Sterilize jars and lids
Combine everything _except_ the eggs, sliced red onions and carrots in a large nonreactive stock pot.
Bring to a boil then let cool slightly.
Strain out chiles, onions, garlic and larger solids.
Layer peeled eggs into a 1/2 gallon canning jar with layers with strained veggies.
Pour pickling mixture over eggs and onions, cover eggs/onions completely yet leaving at least a half inch below the rim, and then vacuum seal.
Shake to mix and then refrigerate.
Let at least a week or two go by for the flavors to really permeate the eggs.
The spices have a tendency to settle in the jar so shake it daily to remix.

The onions got the same mix plus the carrots.




















I've a previous thread on these, you can see the differences in color as these are taken to the next level.
Chile's Take on Sriracha Pickled Eggs


----------



## disco (Jan 26, 2019)

I am sure you are aware that pickled eggs store better in a cool environment like the Canadian Rockies. I would be happy to store these for you.

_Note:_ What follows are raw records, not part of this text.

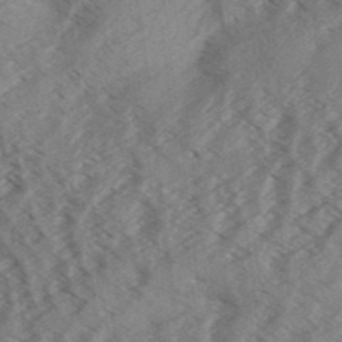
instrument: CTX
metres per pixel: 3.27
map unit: Aa
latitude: 32.5546
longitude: -138.9703
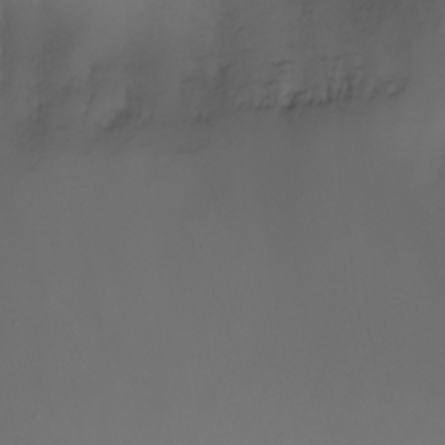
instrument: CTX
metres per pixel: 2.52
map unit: Nhu
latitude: -6.9730
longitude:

You can trust me.

Big like!


----------



## motocrash (Jan 26, 2019)

Man,I bet those are gonna be good!The Hillbilly Gunpowder might be a bit much for my lily lips though.


----------



## meatallica (Jan 26, 2019)

Great Balls of Fire!


----------



## Preacher Man (Jan 26, 2019)

Eggcellent! 

Being that I'm a preacher, I'd love the opportunity to have a discussion with these eggs and help their flight from hell.


----------



## chilerelleno (Jan 26, 2019)

motocrash said:


> Man,I bet those are gonna be good!The Hillbilly Gunpowder might be a bit much for my lily lips though.
> View attachment 386530


I laughed till my sides hurt, dang'it Moto.


----------



## Bearcarver (Jan 26, 2019)

Got me Sweating just from reading the ingredients list !!!

Bear


----------



## SonnyE (Jan 26, 2019)

Hillbilly Gunpowder? Who ever thought of that?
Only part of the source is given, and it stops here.